▸ **PROBLEM DETAILS**
Skip the pictures, please, and write out exactly every line from the one containing "text Als u een" through the end of the listing below.
*** Begin section ***
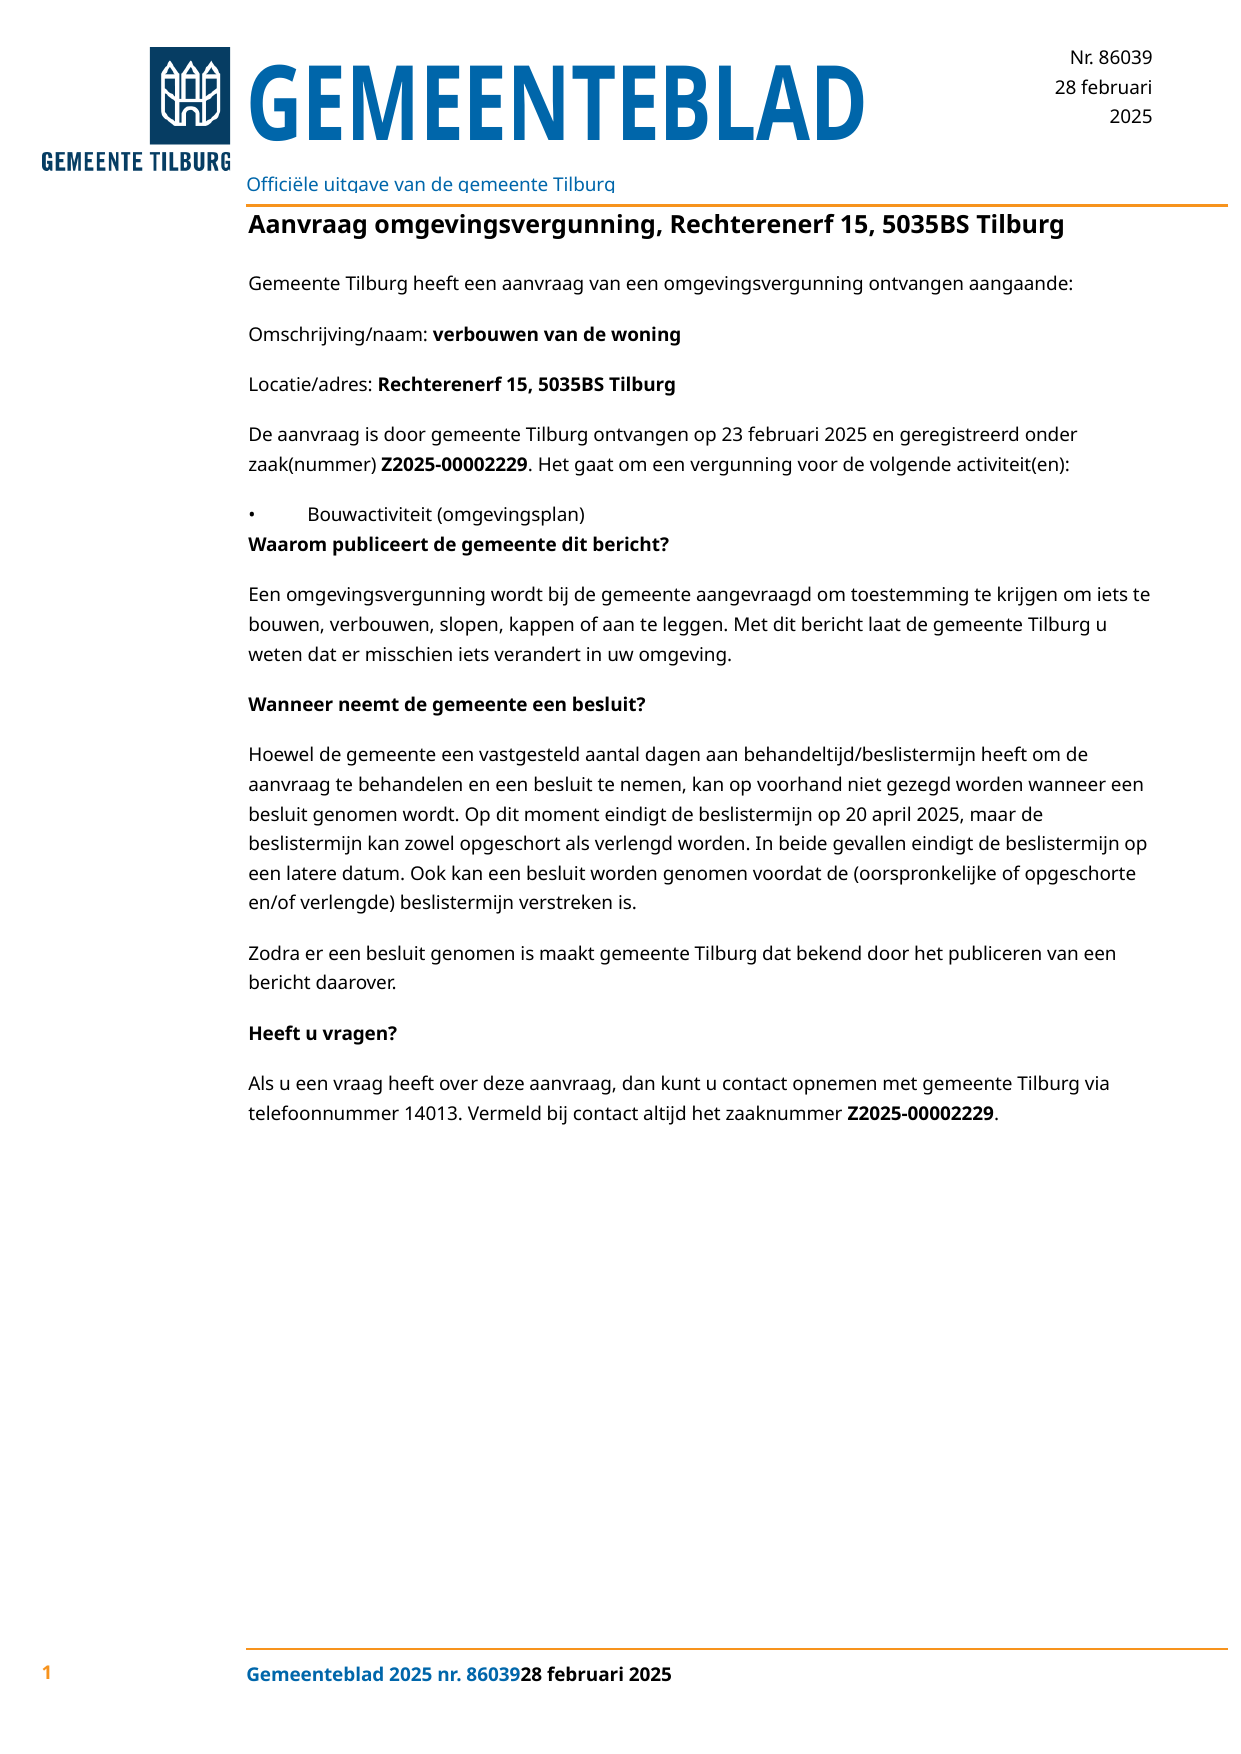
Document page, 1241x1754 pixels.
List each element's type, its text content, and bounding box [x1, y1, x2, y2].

text Waarom publiceert de gemeente dit bericht? [248, 531, 1152, 557]
picture [41, 47, 231, 172]
text Locatie/adres: Rechterenerf 15, 5035BS Tilburg [248, 371, 1152, 397]
text Gemeente Tilburg heeft een aanvraag van een omgevingsvergunning ontvangen aangaande: [248, 270, 1152, 296]
text De aanvraag is door gemeente Tilburg ontvangen op 23 februari 2025 en geregistreerd onder zaak(nummer) Z2025-00002229. Het gaat om een vergunning voor de volgende activiteit(en): [248, 422, 1152, 477]
list Bouwactiviteit (omgevingsplan) [248, 502, 1152, 527]
text Omschrijving/naam: verbouwen van de woning [248, 321, 1152, 346]
text Wanneer neemt de gemeente een besluit? [248, 691, 1152, 717]
text Als u een vraag heeft over deze aanvraag, dan kunt u contact opnemen met gemeente Tilburg via telefoonnummer 14013. Vermeld bij contact altijd het zaaknummer Z2025-00002229. [248, 1070, 1152, 1126]
text Een omgevingsvergunning wordt bij de gemeente aangevraagd om toestemming te krijgen om iets te bouwen, verbouwen, slopen, kappen of aan te leggen. Met dit bericht laat de gemeente Tilburg u weten dat er misschien iets verandert in uw omgeving. [248, 582, 1152, 666]
text Heeft u vragen? [248, 1020, 1152, 1046]
text Hoewel de gemeente een vastgesteld aantal dagen aan behandeltijd/beslistermijn heeft om de aanvraag te behandelen en een besluit te nemen, kan op voorhand niet gezegd worden wanneer een besluit genomen wordt. Op dit moment eindigt de beslistermijn op 20 april 2025, maar de beslistermijn kan zowel opgeschort als verlengd worden. In beide gevallen eindigt de beslistermijn op een latere datum. Ook kan een besluit worden genomen voordat de (oorspronkelijke of opgeschorte en/of verlengde) beslistermijn verstreken is. [248, 742, 1152, 915]
text Zodra er een besluit genomen is maakt gemeente Tilburg dat bekend door het publiceren van een bericht daarover. [248, 940, 1152, 995]
text Aanvraag omgevingsvergunning, Rechterenerf 15, 5035BS Tilburg [248, 207, 1152, 241]
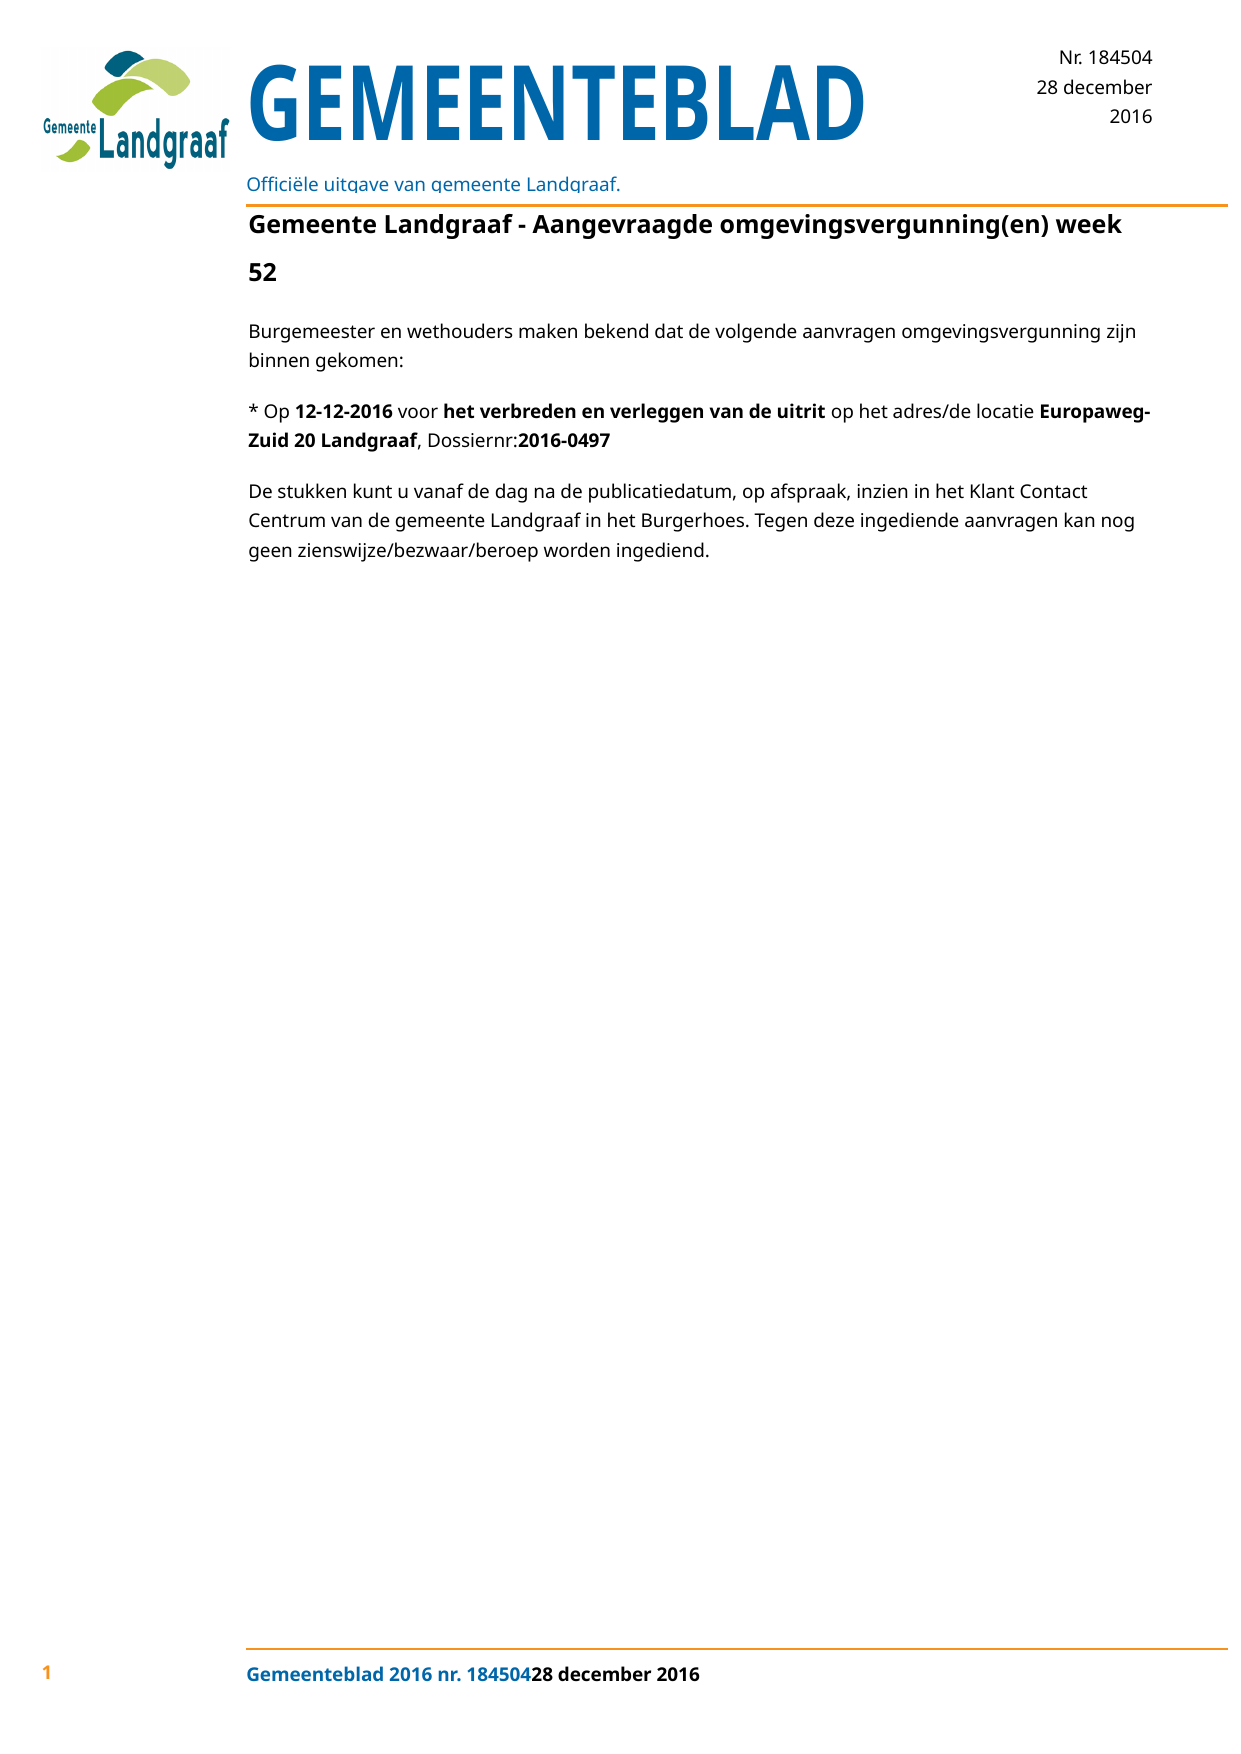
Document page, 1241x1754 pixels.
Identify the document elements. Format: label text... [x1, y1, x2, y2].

text Gemeente Landgraaf - Aangevraagde omgevingsvergunning(en) week 52 [248, 207, 1152, 288]
text De stukken kunt u vanaf de dag na de publicatiedatum, op afspraak, inzien in het Klant Contact Centrum van de gemeente Landgraaf in het Burgerhoes. Tegen deze ingediende aanvragen kan nog geen zienswijze/bezwaar/beroep worden ingediend. [248, 478, 1152, 563]
picture [41, 47, 231, 172]
text Burgemeester en wethouders maken bekend dat de volgende aanvragen omgevingsvergunning zijn binnen gekomen: [248, 318, 1152, 373]
text * Op 12-12-2016 voor het verbreden en verleggen van de uitrit op het adres/de locatie Europaweg-Zuid 20 Landgraaf, Dossiernr:2016-0497 [248, 398, 1152, 453]
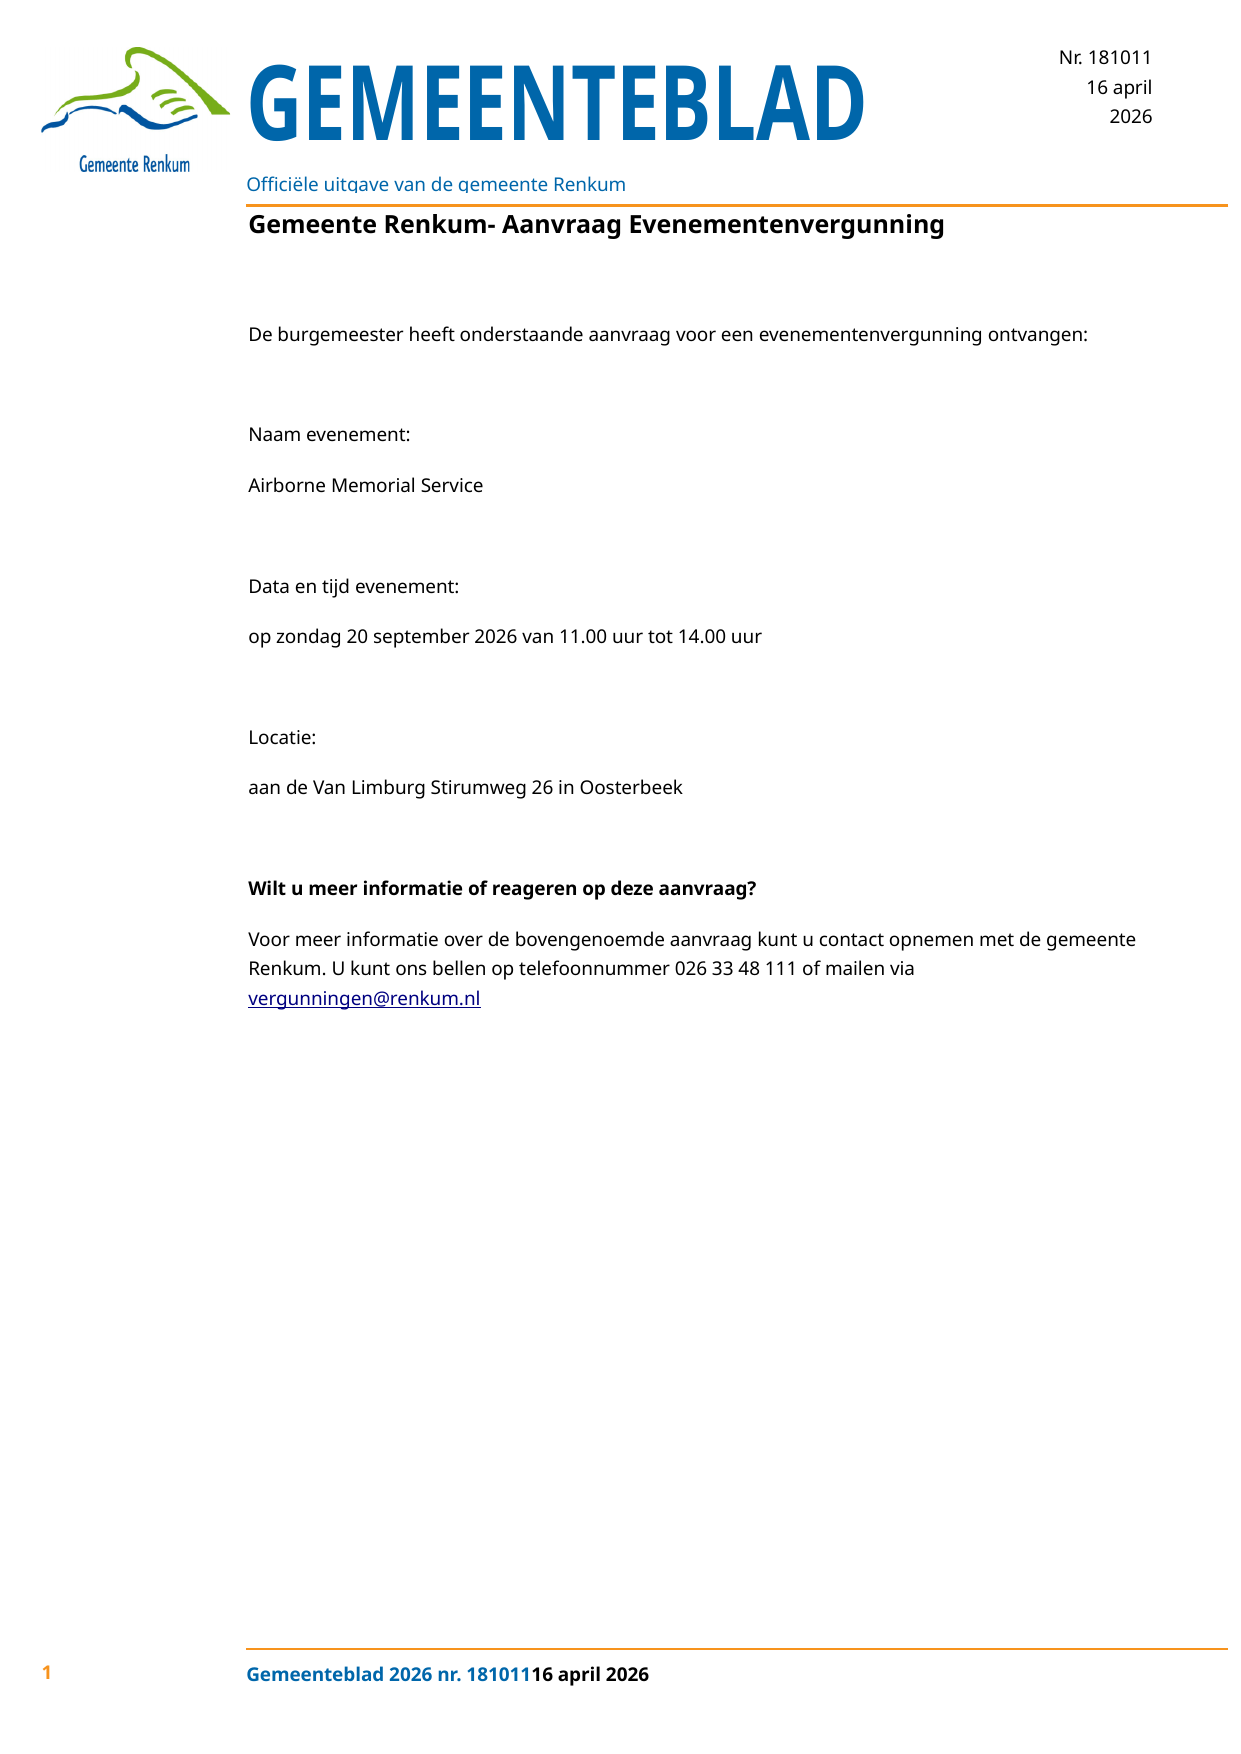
*** End section ***
▸ **OUTPUT**
text Als u een vraag heeft over deze aanvraag, dan kunt u contact opnemen met gemeente Tilburg via telefoonnummer 14013. Vermeld bij contact altijd het zaaknummer Z2025-00002229. [248, 1070, 1152, 1126]
text Een omgevingsvergunning wordt bij de gemeente aangevraagd om toestemming te krijgen om iets te bouwen, verbouwen, slopen, kappen of aan te leggen. Met dit bericht laat de gemeente Tilburg u weten dat er misschien iets verandert in uw omgeving. [248, 582, 1152, 666]
text Heeft u vragen? [248, 1020, 1152, 1046]
text Hoewel de gemeente een vastgesteld aantal dagen aan behandeltijd/beslistermijn heeft om de aanvraag te behandelen en een besluit te nemen, kan op voorhand niet gezegd worden wanneer een besluit genomen wordt. Op dit moment eindigt de beslistermijn op 20 april 2025, maar de beslistermijn kan zowel opgeschort als verlengd worden. In beide gevallen eindigt de beslistermijn op een latere datum. Ook kan een besluit worden genomen voordat de (oorspronkelijke of opgeschorte en/of verlengde) beslistermijn verstreken is. [248, 742, 1152, 915]
text Zodra er een besluit genomen is maakt gemeente Tilburg dat bekend door het publiceren van een bericht daarover. [248, 940, 1152, 995]
text Aanvraag omgevingsvergunning, Rechterenerf 15, 5035BS Tilburg [248, 207, 1152, 241]
Document page, 1241x1754 pixels.
Identify the document elements. Format: label text... [x1, y1, x2, y2].

text Gemeente Landgraaf - Aangevraagde omgevingsvergunning(en) week 52 [248, 207, 1152, 288]
text De stukken kunt u vanaf de dag na de publicatiedatum, op afspraak, inzien in het Klant Contact Centrum van de gemeente Landgraaf in het Burgerhoes. Tegen deze ingediende aanvragen kan nog geen zienswijze/bezwaar/beroep worden ingediend. [248, 478, 1152, 563]
picture [41, 47, 231, 172]
text Burgemeester en wethouders maken bekend dat de volgende aanvragen omgevingsvergunning zijn binnen gekomen: [248, 318, 1152, 373]
text * Op 12-12-2016 voor het verbreden en verleggen van de uitrit op het adres/de locatie Europaweg-Zuid 20 Landgraaf, Dossiernr:2016-0497 [248, 398, 1152, 453]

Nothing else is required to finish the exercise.